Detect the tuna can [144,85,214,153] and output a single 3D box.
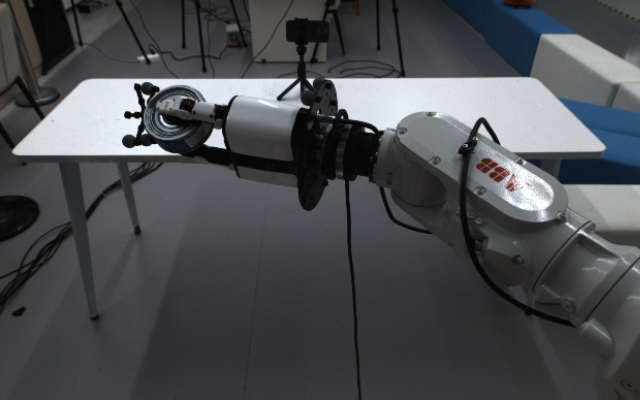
[{"bbox_3d":[-0.181,-0.103,0.627,0.085,0.034,0.085,-2,70,6],"label":"tuna can"}]
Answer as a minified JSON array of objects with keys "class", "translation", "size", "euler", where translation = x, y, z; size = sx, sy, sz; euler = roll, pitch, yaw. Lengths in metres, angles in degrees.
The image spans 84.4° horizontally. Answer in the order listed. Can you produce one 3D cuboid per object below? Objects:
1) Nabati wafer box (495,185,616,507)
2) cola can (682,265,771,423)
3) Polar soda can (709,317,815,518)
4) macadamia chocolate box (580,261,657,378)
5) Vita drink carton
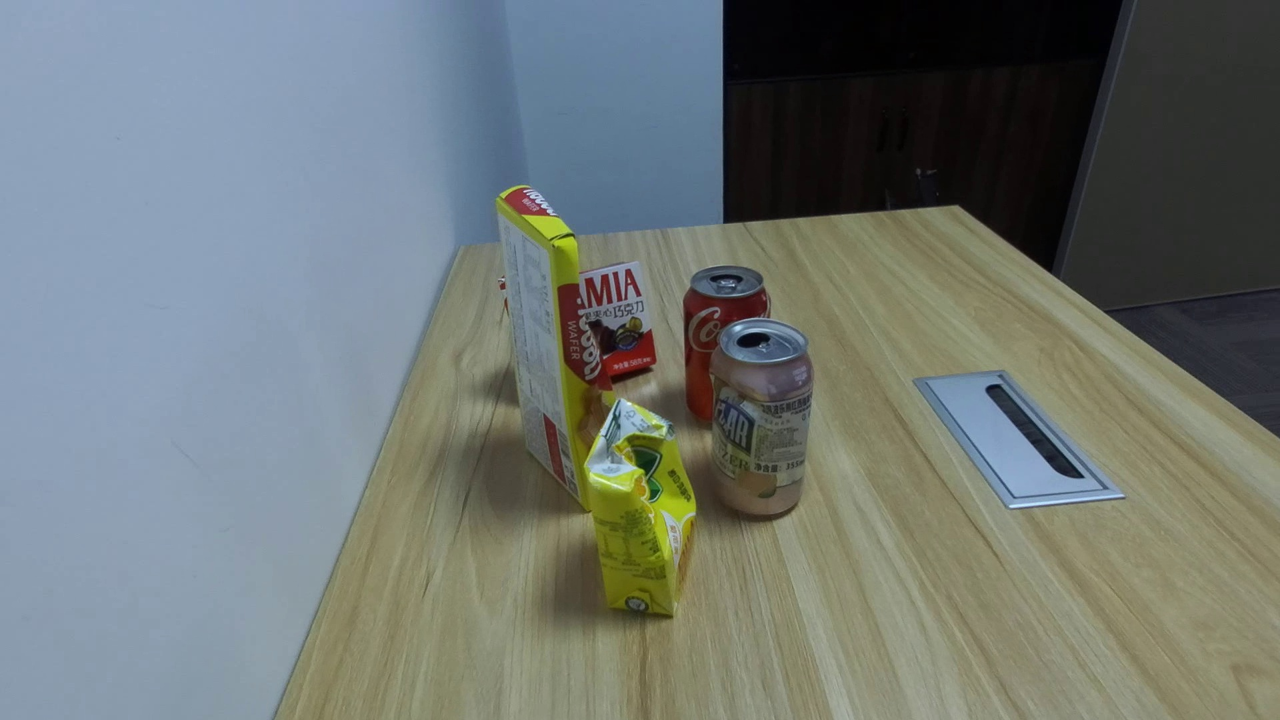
[{"class":"Nabati wafer box","translation":[-0.052,-0.004,0.477],"size":[0.043,0.205,0.112],"euler":[-23,37,-25]},{"class":"cola can","translation":[0.068,-0.011,0.555],"size":[0.068,0.120,0.068],"euler":[-2,29,1]},{"class":"Polar soda can","translation":[0.080,0.038,0.472],"size":[0.067,0.122,0.074],"euler":[5,33,13]},{"class":"macadamia chocolate box","translation":[-0.052,-0.033,0.612],"size":[0.127,0.112,0.056],"euler":[-16,32,-18]},{"class":"Vita drink carton","translation":[0.004,0.086,0.412],"size":[0.046,0.110,0.071],"euler":[4,33,16]}]
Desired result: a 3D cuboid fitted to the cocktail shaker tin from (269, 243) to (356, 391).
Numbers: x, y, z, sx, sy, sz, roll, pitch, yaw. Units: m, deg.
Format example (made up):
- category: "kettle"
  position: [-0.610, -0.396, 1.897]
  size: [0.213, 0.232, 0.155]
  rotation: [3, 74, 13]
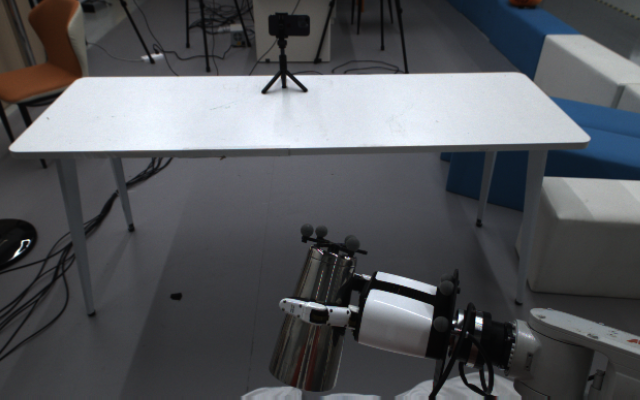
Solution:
- category: "cocktail shaker tin"
  position: [-0.001, 0.150, 0.641]
  size: [0.093, 0.170, 0.093]
  rotation: [13, 3, -1]
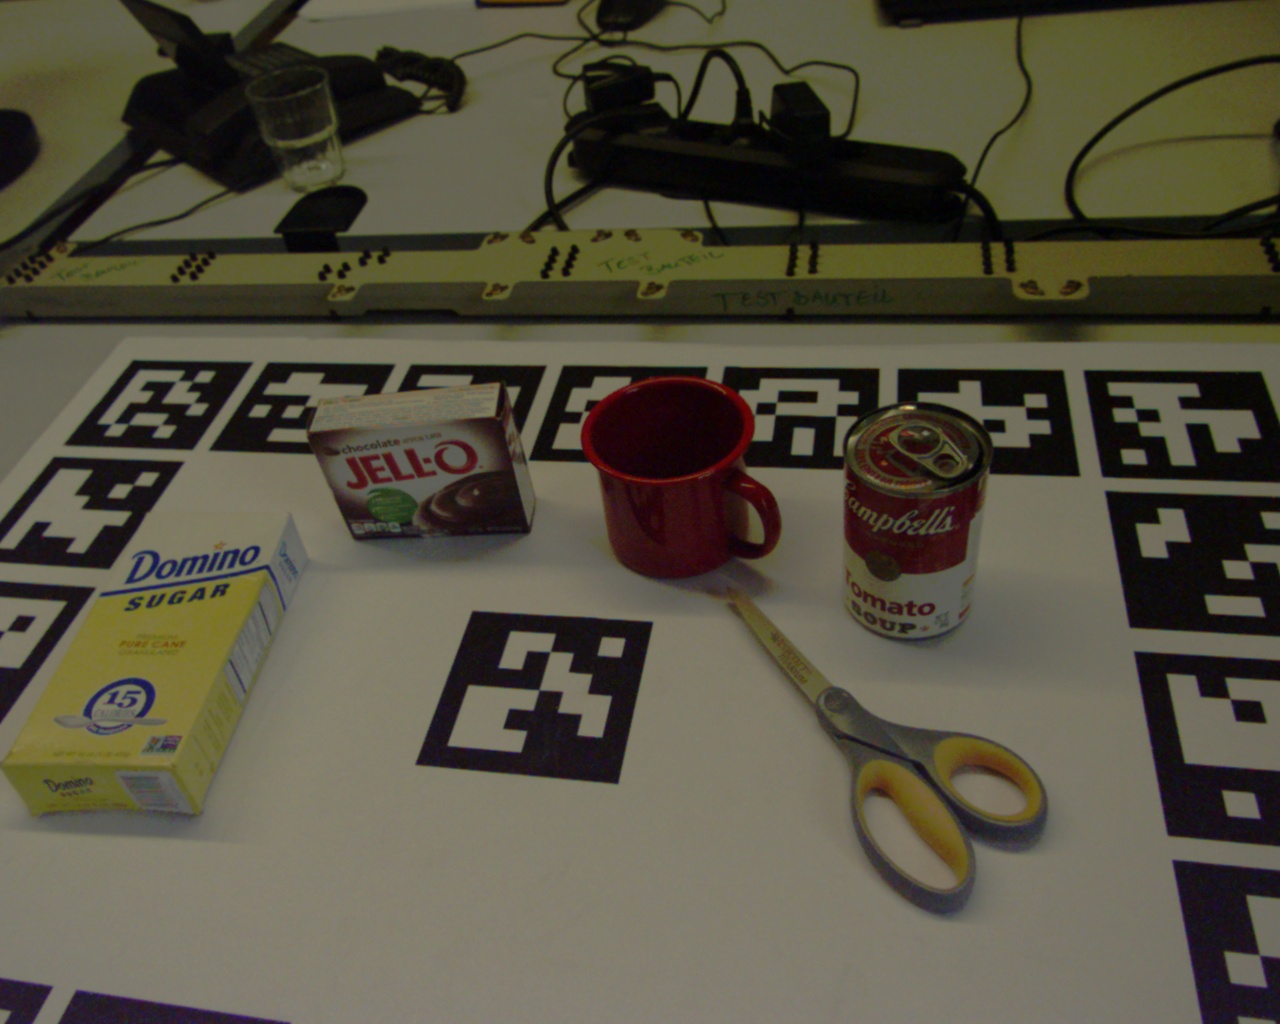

**Work task**: Only the wording of the records is wanted: copy it all exactly and omit the pictures.

**Solution for this task**:
Detect the tuna can [144,85,214,153] and output a single 3D box.
[{"bbox_3d":[-0.181,-0.103,0.627,0.085,0.034,0.085,-2,70,6],"label":"tuna can"}]
Answer as a minified JSON array of objects with keys "class", "translation", "size", "euler", where translation = x, y, z; size = sx, sy, sz; euler = roll, pitch, yaw. Lengths in metres, angles in degrees.
The image spans 84.4° horizontally. Answer in the order listed. Can you produce one 3D cuboid per object below? Objects:
1) Nabati wafer box (495,185,616,507)
2) cola can (682,265,771,423)
3) Polar soda can (709,317,815,518)
4) macadamia chocolate box (580,261,657,378)
5) Vita drink carton
[{"class":"Nabati wafer box","translation":[-0.052,-0.004,0.477],"size":[0.043,0.205,0.112],"euler":[-23,37,-25]},{"class":"cola can","translation":[0.068,-0.011,0.555],"size":[0.068,0.120,0.068],"euler":[-2,29,1]},{"class":"Polar soda can","translation":[0.080,0.038,0.472],"size":[0.067,0.122,0.074],"euler":[5,33,13]},{"class":"macadamia chocolate box","translation":[-0.052,-0.033,0.612],"size":[0.127,0.112,0.056],"euler":[-16,32,-18]},{"class":"Vita drink carton","translation":[0.004,0.086,0.412],"size":[0.046,0.110,0.071],"euler":[4,33,16]}]
Desired result: a 3D cuboid fitted to the cocktail shaker tin from (269, 243) to (356, 391).
Numbers: x, y, z, sx, sy, sz, roll, pitch, yaw. Units: m, deg.
Format example (made up):
- category: "kettle"
  position: [-0.610, -0.396, 1.897]
  size: [0.213, 0.232, 0.155]
  rotation: [3, 74, 13]
Solution:
- category: "cocktail shaker tin"
  position: [-0.001, 0.150, 0.641]
  size: [0.093, 0.170, 0.093]
  rotation: [13, 3, -1]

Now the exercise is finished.